Initially the update did not work, because unfortunately the latest version 2.10 introduced a copypaste bug when a password is given for the MQTT client. The password was appended to wrong buffer.
Apropos buffers: The new version uses a separate buffer for receiving values and one for publishing to topics, so the client does not break if you publish new topics from the callback. The big issue with current client (next to the still existing keep-alive) code is that the main receive loop() uses the same buffer than the publishing code, which may lead to problems when you write to the MQTT from the callback - which BSB-LAN is doing (we publish our status from the callback).
I also now understood the code around the keepalive:
The keepalive code still has the initialization problem as mentioned before.
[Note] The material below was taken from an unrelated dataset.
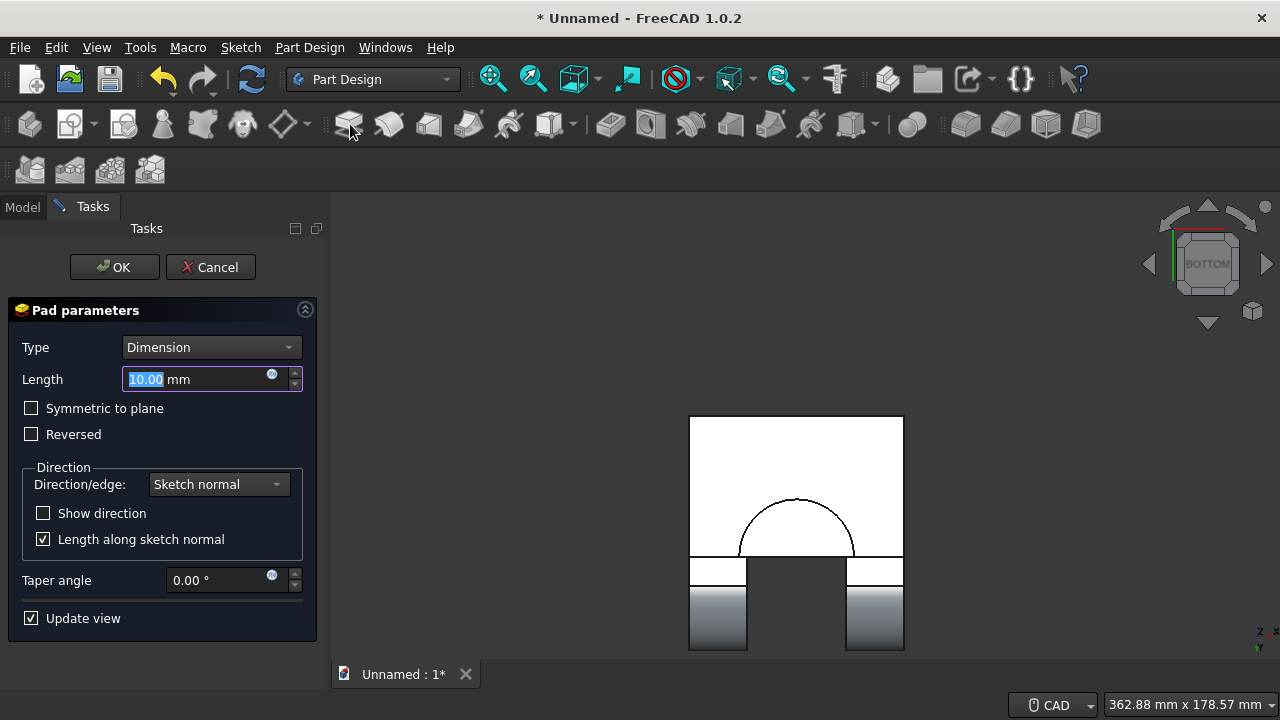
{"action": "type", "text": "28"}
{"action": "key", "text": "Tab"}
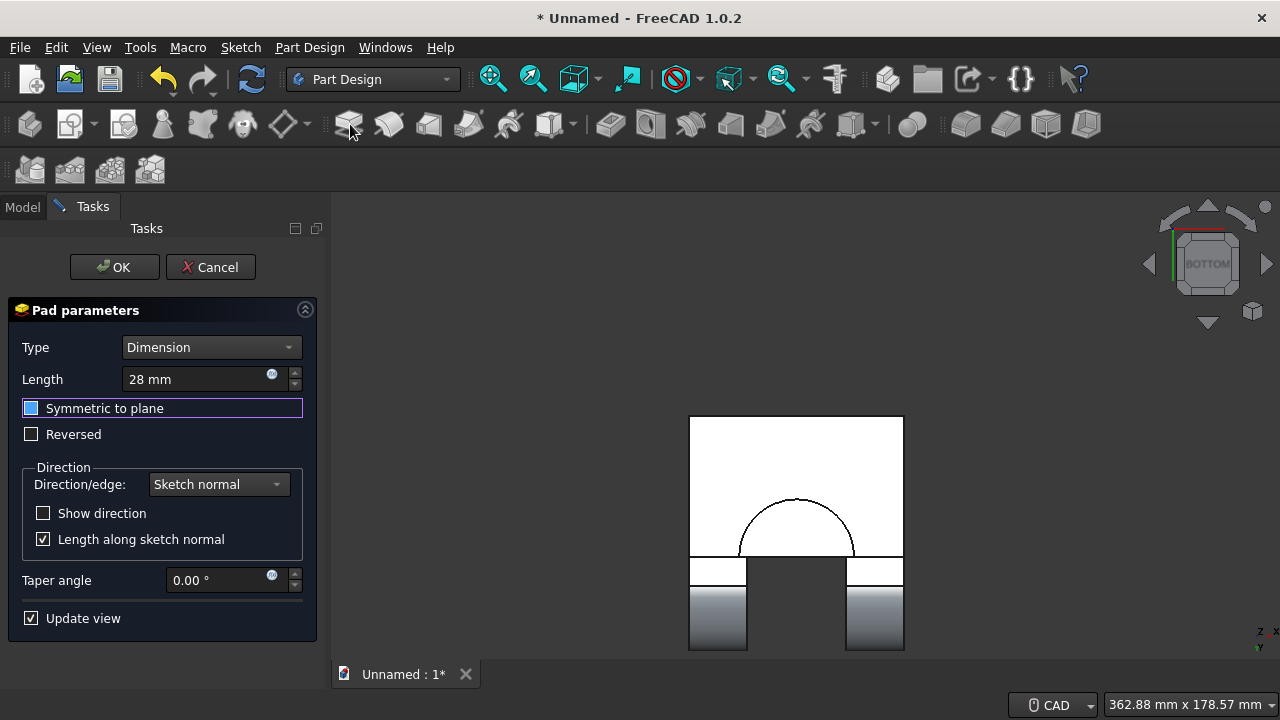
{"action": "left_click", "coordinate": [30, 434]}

For all issues in version 2.10 of the pubsubclient library I will open a PR on their repository tomorrow. Maybe they release 2.11 soon. The password issue is the biggest problem (copypaste error where send_buffer was used instead of receive_buffer) is a serious bug! The keepalive handling works better now.
I marked all lines of code that I patched in the current version with a comment. When you update to 2.11 or later, the lines are hopefully obsolete.
I have this new code now running on my box. Observations:
I am at moment making the stress test. If all works well tomorrow morning, feel free to commit this.